Buying Old House in Toronto: Dangers

One of the most frequently asked questions of our clients is: “What is the worst danger when purchasing an old house?” The answer is simple: “Water”.

Let’s start from the beginning. What is an old house? Let’s walk around the areas of our city – Toronto: Down Town Area – 110-80 years old, St. Clair up to Lawrence – 80-50 years old, from Eglinton up to Steeles – 50-30 years old.

One of the most widespread problems is basements flooded with sewer water or mix of storm and sewer waters. Many of us remember the damage caused by the storm on August, 19th, 2005 in North York. Why do floods like that occur, and more importantly, who is going to pay for it?

Why? Three principal causes:

– Tree roots in sewer pipes under the ground.

– Clogged running trap (the central gangway) on a sewer pipe in the house or, worse than that, in the street under the ground.

– Broken sewer pipes under the ground.

As a rule, when purchasing an old house, the seller will show you a certificate stating that the house has passed overall inspection. Most of the time, it is the truth. You, being a more suspicious person, can call your inspector, who will provide you with the same information.

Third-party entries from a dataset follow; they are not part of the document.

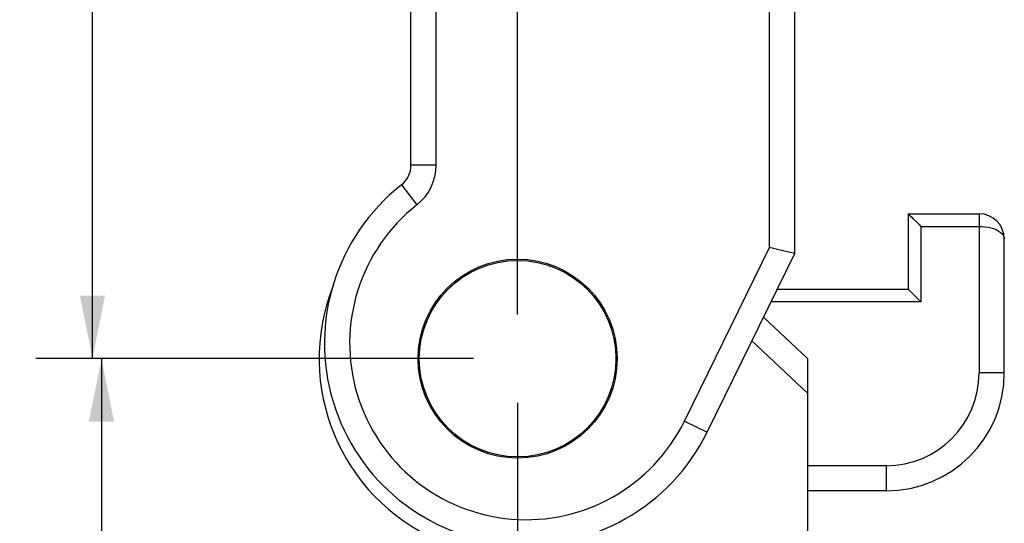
# Model space of a CAD drawing. Header units: inches. Extents: x 0 to 5.5, y 0 to 4.25.
# Tile 6 of 11: x 2.54 to 3.32, y 1.31 to 1.71. Entities that reach past the tile are written whole.
import ezdxf

# ---------------------------------------------------------------- set-up
doc = ezdxf.new("R2010")
doc.units = ezdxf.units.IN
doc.header["$LTSCALE"] = 0.3025
doc.header["$MEASUREMENT"] = 0
doc.layers.get('0').update_dxf_attribs({"linetype": 'CONTINUOUS'})
doc.layers.add('02___PRT_ALL_AXES', color=7, linetype='CONTINUOUS')
doc.styles.get("Standard").update_dxf_attribs({"font": 'arial.ttf'})
doc.dimstyles.new('DIMSTYLE_1', dxfattribs={"dimtxt": 0.0425, "dimasz": 0.05, "dimexe": 0.09, "dimexo": 0.07, "dimgap": 0.0425, "dimtad": 0, "dimtih": 1, "dimtoh": 1, "dimdec": 3, "dimzin": 4, "dimdsep": 46, "dimtxsty": 'Standard', "dimblk": '_FILLED', "dimblk1": '_FILLED', "dimblk2": '_FILLED', "dimcen": 0.09, "dimadec": 3, "dimazin": 1, "dimtfac": 1, "dimtdec": 3, "dimtofl": 0, "dimtmove": 0, "dimatfit": 3, "dimldrblk": '_FILLED', "dimfxl": 0, "dimtolj": 1, "dimtzin": 4, "dimarcsym": 0})

# ---------------------------------------------------------------- blocks, each defined once
blk = doc.blocks.new('_FILLED')
at = {"color": 0, "linetype": 'ByBlock'}
blk.add_solid([(0, 0), (-1, 0.2), (-1, -0.2)], dxfattribs=at)
blk = doc.blocks.new('*D3')
at = {"color": 2, "linetype": 'Continuous'}
for p, q in [((2.90116, 1.43838), (2.56094, 1.43838)), ((2.60594, 1.43838), (2.60594, 1.08913)), ((2.60594, 0.65488), (2.60594, 1.00413)), ((3.00654, 0.65488), (2.56094, 0.65488))]:
    blk.add_line(p, q, dxfattribs=at)
at = {"color": 2, "linetype": 'Continuous', "xscale": 0.05, "yscale": 0.05, "zscale": 0.05}
for p, rotation in [((2.60594, 1.43838), 90), ((2.60594, 0.65488), 270)]:
    blk.add_blockref('_FILLED', p, dxfattribs=dict(at, rotation=rotation))
at = {"color": 2, "linetype": 'Continuous', "insert": (2.60594, 1.06788), "char_height": 0.0425, "width": 0.1154926, "attachment_point": 2, "line_spacing_factor": 0.9}
blk.add_mtext('.784', dxfattribs=at)
blk = doc.blocks.new('*D4')
at = {"color": 2, "linetype": 'Continuous'}
for p, q in [((2.83654, 2.22188), (2.55379, 2.22188)), ((2.59879, 2.22188), (2.59879, 1.87263)), ((2.59879, 1.43838), (2.59879, 1.78763)), ((2.90116, 1.43838), (2.55379, 1.43838))]:
    blk.add_line(p, q, dxfattribs=at)
at = {"color": 2, "linetype": 'Continuous', "xscale": 0.05, "yscale": 0.05, "zscale": 0.05}
for p, rotation in [((2.59879, 2.22188), 90), ((2.59879, 1.43838), 270)]:
    blk.add_blockref('_FILLED', p, dxfattribs=dict(at, rotation=rotation))
at = {"color": 2, "linetype": 'Continuous', "insert": (2.59879, 1.85138), "char_height": 0.0425, "width": 0.1154926, "attachment_point": 2, "line_spacing_factor": 0.9}
blk.add_mtext('.784', dxfattribs=at)
blk = doc.blocks.new('*D5')
at = {"color": 2, "linetype": 'Continuous'}
for p, q in [((2.93616, 1.47338), (2.93616, 2.40086)), ((2.99616, 2.25462), (2.99616, 2.40086)), ((2.93616, 2.35586), (2.85477, 2.35586)), ((2.99616, 2.35586), (3.09616, 2.35586))]:
    blk.add_line(p, q, dxfattribs=at)
at = {"color": 2, "linetype": 'Continuous', "xscale": 0.05, "yscale": 0.05, "zscale": 0.05}
blk.add_blockref('_FILLED', (2.93616, 2.35586), dxfattribs=at)
at = {"color": 2, "linetype": 'Continuous', "xscale": 0.05, "yscale": 0.05, "zscale": 0.05, "rotation": 180}
blk.add_blockref('_FILLED', (2.99616, 2.35586), dxfattribs=at)
at = {"color": 2, "linetype": 'Continuous', "insert": (2.83352, 2.37711), "char_height": 0.0425, "width": 0.1154926, "attachment_point": 3, "line_spacing_factor": 0.9}
blk.add_mtext('.060', dxfattribs=at)
blk = doc.blocks.new('*D6')
at = {"color": 2, "linetype": 'Continuous'}
for p, q in [((2.93616, 1.40338), (2.93616, 0.49812)), ((3.16616, 0.62213), (3.16616, 0.49812)), ((2.93616, 0.54312), (2.83616, 0.54312)), ((3.16616, 0.54312), (3.26616, 0.54312))]:
    blk.add_line(p, q, dxfattribs=at)
at = {"color": 2, "linetype": 'Continuous', "xscale": 0.05, "yscale": 0.05, "zscale": 0.05}
blk.add_blockref('_FILLED', (2.93616, 0.54312), dxfattribs=at)
at = {"color": 2, "linetype": 'Continuous', "xscale": 0.05, "yscale": 0.05, "zscale": 0.05, "rotation": 180}
blk.add_blockref('_FILLED', (3.16616, 0.54312), dxfattribs=at)
at = {"color": 2, "linetype": 'Continuous', "insert": (3.05116, 0.56437), "char_height": 0.0425, "width": 0.1154926, "attachment_point": 2, "line_spacing_factor": 0.9}
blk.add_mtext('.230', dxfattribs=at)

msp = doc.modelspace()

# ---------------------------------------------------------------- linework, layer by layer
at = {"color": 7, "linetype": 'Continuous'}
for p, q in [((2.87154, 1.59195), (2.87154, 2.22188)), ((2.85154, 1.59195), (2.85154, 2.20188)), ((3.13616, 1.52652), (3.13616, 1.81838)), ((3.15616, 1.52188), (3.15616, 1.79838)), ((2.87154, 1.59195), (2.85154, 1.59195)), ((2.84391, 1.57623), (2.85628, 1.56052)), ((3.24616, 1.55338), (3.30236, 1.55338)), ((3.24616, 1.55338), (3.24616, 1.49338)), ((3.30236, 1.55338), (3.30236, 1.42708)), ((3.25616, 1.54338), (3.30236, 1.54338)), ((3.25616, 1.54338), (3.25616, 1.48338)), ((3.32236, 1.42708), (3.32236, 1.53338)), ((3.06855, 1.38882), (3.13616, 1.52652)), ((3.0865, 1.38), (3.15616, 1.52188)), ((3.24616, 1.49338), (3.14216, 1.49338)), ((3.24616, 1.49338), (3.24626, 1.49327)), ((3.25616, 1.48338), (3.13725, 1.48338)), ((3.13126, 1.47117), (3.16616, 1.43838)), ((3.12204, 1.45239), (3.16616, 1.41093)), ((3.16616, 1.43838), (3.16616, 0.65488)), ((3.32236, 1.42708), (3.30236, 1.42708)), ((3.06855, 1.38882), (3.0865, 1.38)), ((3.22866, 1.35338), (3.16616, 1.35338)), ((3.22866, 1.35338), (3.22866, 1.33338)), ((3.22866, 1.33338), (3.16616, 1.33338))]:
    msp.add_line(p, q, dxfattribs=at)
for points in [[(3.24616, 1.55338), (3.24626, 1.55327), (3.24716, 1.55238)], [(3.24716, 1.55238), (3.24793, 1.5516), (3.24891, 1.55062), (3.25007, 1.54946)], [(3.25007, 1.54946), (3.25286, 1.54668), (3.25444, 1.54508), (3.25616, 1.54338)], [(3.30236, 1.54338), (3.30475, 1.54331), (3.30712, 1.54309), (3.30944, 1.54273), (3.31167, 1.54223), (3.31381, 1.54158), (3.3158, 1.54078), (3.31759, 1.53986), (3.31916, 1.5388), (3.32047, 1.53761), (3.32148, 1.5363), (3.32213, 1.53489), (3.32236, 1.53337)], [(3.14801, 1.52377), (3.14241, 1.52507), (3.13933, 1.52579), (3.13616, 1.52652)], [(3.1552, 1.5221), (3.15242, 1.52275), (3.15039, 1.52322), (3.14801, 1.52377)], [(3.15616, 1.52188), (3.15592, 1.52193), (3.1552, 1.5221)], [(3.24626, 1.49327), (3.24715, 1.49238), (3.24793, 1.4916), (3.24891, 1.49062), (3.25007, 1.48946), (3.25286, 1.48668)], [(3.25286, 1.48668), (3.25446, 1.48509), (3.25616, 1.48338)]]:
    msp.add_lwpolyline(points, dxfattribs=at)
for centre, radius, start, end in [((2.83154, 1.59195), 0.02, 308.21058, 360), ((2.83154, 1.59195), 0.04, 308.21063, 360), ((2.94288, 1.45051), 0.16, 128.21058, 333.85198), ((2.94288, 1.45051), 0.14, 128.21056, 333.85198), ((3.30236, 1.53338), 0.02, 0, 90), ((2.93616, 1.43838), 0.1575, 158.68729, 246.17348), ((3.22866, 1.42708), 0.0937, 270, 360), ((3.22866, 1.42708), 0.0737, 270, 360)]:
    msp.add_arc(centre, radius, start, end, dxfattribs=at)
at = {"layer": '02___PRT_ALL_AXES', "color": 7, "linetype": 'Continuous'}
for radius in [0.079, 0.078]:
    msp.add_circle((2.93616, 1.43838), radius, dxfattribs=at)

# ---------------------------------------------------------------- dimensions: what is measured, and where the dimension line sits
at = {"color": 2, "linetype": 'Continuous'}
for base, p1, p2, angle, picture, middle in [((2.93616, 2.35586), (2.99616, 2.18462), (2.93616, 1.40338), 180, '*D5', (2.77699, 2.35562)), ((2.5987888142, 1.4383793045), (2.9065378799, 2.2218793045), (2.9711551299, 1.4383793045), 270, '*D4', (2.5999975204, 1.8298923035)), ((2.93616, 0.54312), (3.16616, 0.69213), (2.93616, 1.47338), 180, '*D6', (3.05236, 0.54288)), ((2.6059362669, 1.4383793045), (3.0765378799, 0.6548793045), (2.9711551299, 1.4383793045), 90, '*D3', (2.6071450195, 1.0463923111))]:
    dim = msp.add_linear_dim(base=base, p1=p1, p2=p2, angle=angle, dimstyle='DIMSTYLE_1', dxfattribs=at)
    dim.commit()
    dim.dimension.update_dxf_attribs({"geometry": picture, "text_midpoint": middle, "dimtype": 160})

doc.saveas('drawing.dxf')

So where is the problem? Inspectors tend to draw their conclusions only about visible parts of the house, systems and the equipment. That doesn’t tell the whole picture. Many important parts of a home are hidden under plaster partitions, inside the walls or under the ground, which the inspector could not possibly see and therefore log.

The person who sold, having lived in the house for 2-3 years for certain knew about all the home’s problems. He probably knew about the backed-up sewer and the flooded basement. He bought the house to resell it after easy repair, and you have bought it to live and prosper in.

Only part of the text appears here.